Leaving Tuvalu (maybe). TIT.

Day 3,410 since October 10th 2013: 201 countries out of 203. No flight, no return home, min 24 hrs in each country and 1 pandemic! 

(The opinions expressed on this site are my own, and do not reflect the position or policies of the Danish Red Cross which I represent as a Goodwill Ambassador).

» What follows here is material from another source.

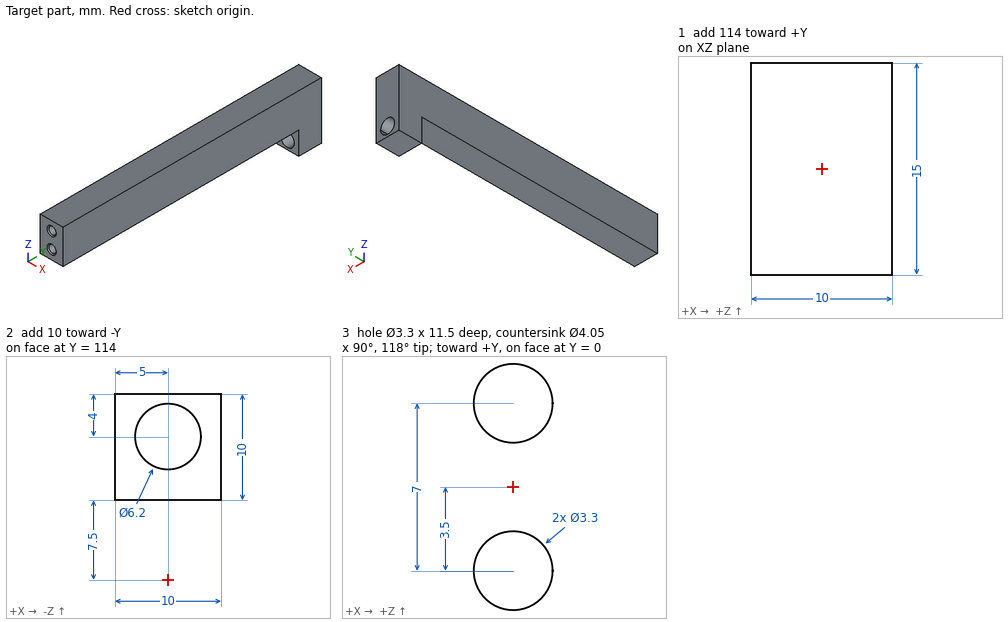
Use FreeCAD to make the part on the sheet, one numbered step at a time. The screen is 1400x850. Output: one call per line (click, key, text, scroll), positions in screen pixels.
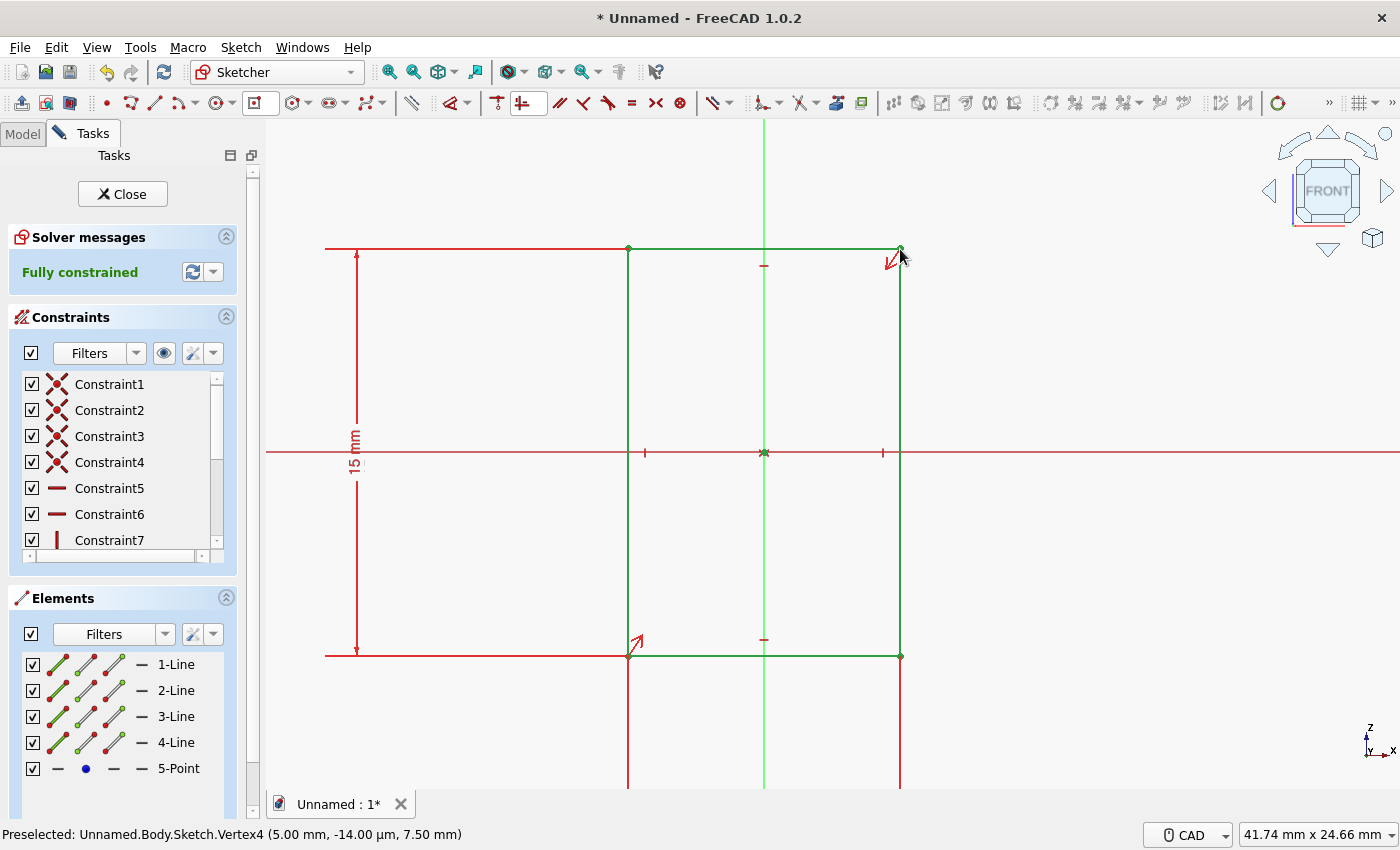
click(123, 194)
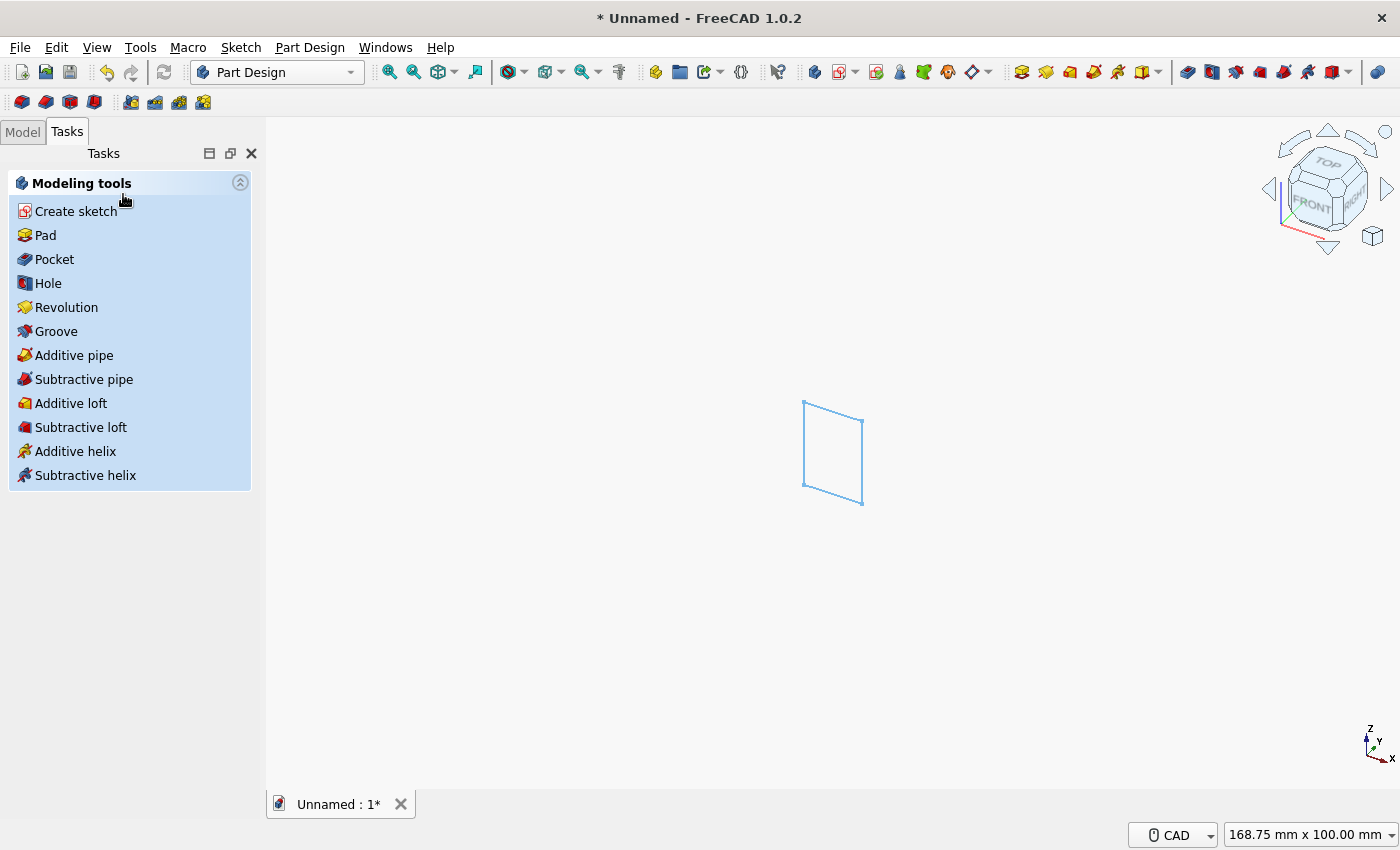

Hard to get here – hard to leave too

pano

The time has come to say farewell to Tuvalu and start the long journey to Sri Lanka. The first stop on our route will be returning to Fiji for the 4th time

Last week’s entry: Tuvalu’s outer islands – seeing a country

Hey there. How are you doing? Did everything go as you expected this week? Me? Oh…well I did not expect I would be writing this entry from Tuvalu. I thought I would be at sea approaching Fiji by now. And yet here we are. In last week’s entry the good ferry Nivaga III returned the Saga to Funafuti and as such I had visited the islands of Funafuti, Nanumea, Nanumaga, Niutao, Vaitupu, Nukufetau, Nukulaelae, and Niulakita. What a pleasure! Tuvalu is made up out of nine islands and the keen observer would then note that we didn’t make it to Nui, which is one of the central islands. Slightly ironic as that one has a bit of Danish history. About 150 years ago Christian Martin Kleis (from Denmark) moved to Nui, married the atolls most beautiful woman (I’ve been told), and traded large quantities of copra. As much as 100 ton during a good year. Most Tuvaluans assume that I’m Australian and I have seen many faces light up when they found out I’m from Denmark. Several people have told me about the Kleis family and I have even met a descendant. I have also come across a surprising number of seafarers who have been to Denmark, typically onboard German or Danish vessels. It now leads me to believe that more Tuvaluans might have been to Denmark, than Danes who have visited Tuvalu. Who would have thought that?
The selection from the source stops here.